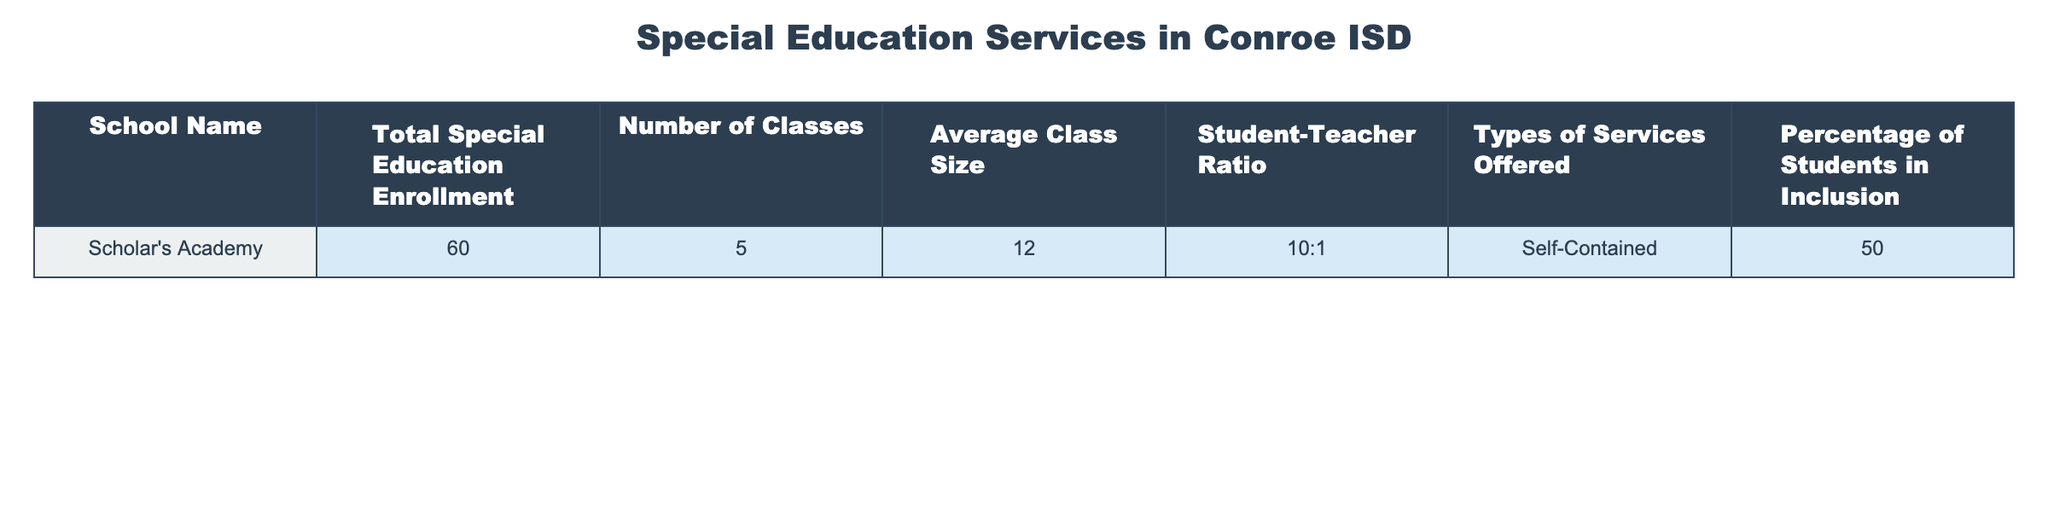What is the total special education enrollment at Scholar's Academy? The table directly provides the total special education enrollment figure for Scholar's Academy, which is 60.
Answer: 60 How many classes are offered for special education at Scholar's Academy? The table lists the number of classes for Scholar's Academy as 5.
Answer: 5 What is the average class size in Scholar's Academy's special education? According to the table, the average class size for Scholar's Academy is 12 students per class.
Answer: 12 Is the student-teacher ratio at Scholar's Academy 10:1? The table shows the student-teacher ratio for Scholar's Academy is 10:1, which confirms the statement is true.
Answer: Yes What percentage of students at Scholar's Academy are in inclusion? The table indicates that 50% of the students at Scholar's Academy are in inclusion.
Answer: 50% If you wanted to find the total number of students across all classes at Scholar's Academy, what would that be? To find the total number of students, multiply the average class size (12) by the number of classes (5). Therefore, 12 * 5 = 60. This matches the total special education enrollment.
Answer: 60 How many more students are in the inclusion program compared to non-inclusion at Scholar's Academy? To determine this, we first need to find the number of students in inclusion. Since 50% are in inclusion, that is 30 students (50% of 60). This implies that the remaining 30 students are in non-inclusion. Therefore, the difference is 30 - 30 = 0.
Answer: 0 Is it true that the average class size is greater than the number of classes at Scholar's Academy? The average class size is 12, and the number of classes is 5. Since 12 is greater than 5, this statement is indeed true.
Answer: Yes What is the total special education student capacity implied if the average class size remains constant and all classes reach maximum capacity? To find the maximum capacity, multiply the average class size (12) by the number of classes (5), which equals 60. This implies that the total capacity is the same as the current enrollment of 60.
Answer: 60 
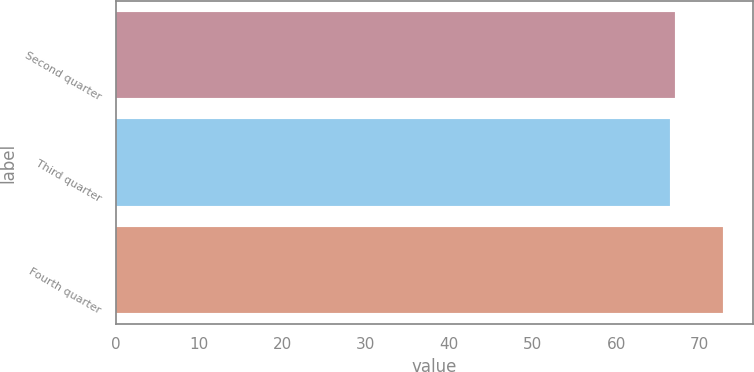Convert chart. <chart><loc_0><loc_0><loc_500><loc_500><bar_chart><fcel>Second quarter<fcel>Third quarter<fcel>Fourth quarter<nl><fcel>67.11<fcel>66.48<fcel>72.81<nl></chart>
※ ※ ※
=== WHAT YOU NEED TO DO ===
Your answer must be the records above, word for word, with no pictures.

=== OUTPUT FOR THIS EXERCISE ===
What is the total special education enrollment at Scholar's Academy? The table directly provides the total special education enrollment figure for Scholar's Academy, which is 60.
Answer: 60 How many classes are offered for special education at Scholar's Academy? The table lists the number of classes for Scholar's Academy as 5.
Answer: 5 What is the average class size in Scholar's Academy's special education? According to the table, the average class size for Scholar's Academy is 12 students per class.
Answer: 12 Is the student-teacher ratio at Scholar's Academy 10:1? The table shows the student-teacher ratio for Scholar's Academy is 10:1, which confirms the statement is true.
Answer: Yes What percentage of students at Scholar's Academy are in inclusion? The table indicates that 50% of the students at Scholar's Academy are in inclusion.
Answer: 50% If you wanted to find the total number of students across all classes at Scholar's Academy, what would that be? To find the total number of students, multiply the average class size (12) by the number of classes (5). Therefore, 12 * 5 = 60. This matches the total special education enrollment.
Answer: 60 How many more students are in the inclusion program compared to non-inclusion at Scholar's Academy? To determine this, we first need to find the number of students in inclusion. Since 50% are in inclusion, that is 30 students (50% of 60). This implies that the remaining 30 students are in non-inclusion. Therefore, the difference is 30 - 30 = 0.
Answer: 0 Is it true that the average class size is greater than the number of classes at Scholar's Academy? The average class size is 12, and the number of classes is 5. Since 12 is greater than 5, this statement is indeed true.
Answer: Yes What is the total special education student capacity implied if the average class size remains constant and all classes reach maximum capacity? To find the maximum capacity, multiply the average class size (12) by the number of classes (5), which equals 60. This implies that the total capacity is the same as the current enrollment of 60.
Answer: 60 
Convert chart. <chart><loc_0><loc_0><loc_500><loc_500><bar_chart><fcel>Second quarter<fcel>Third quarter<fcel>Fourth quarter<nl><fcel>67.11<fcel>66.48<fcel>72.81<nl></chart>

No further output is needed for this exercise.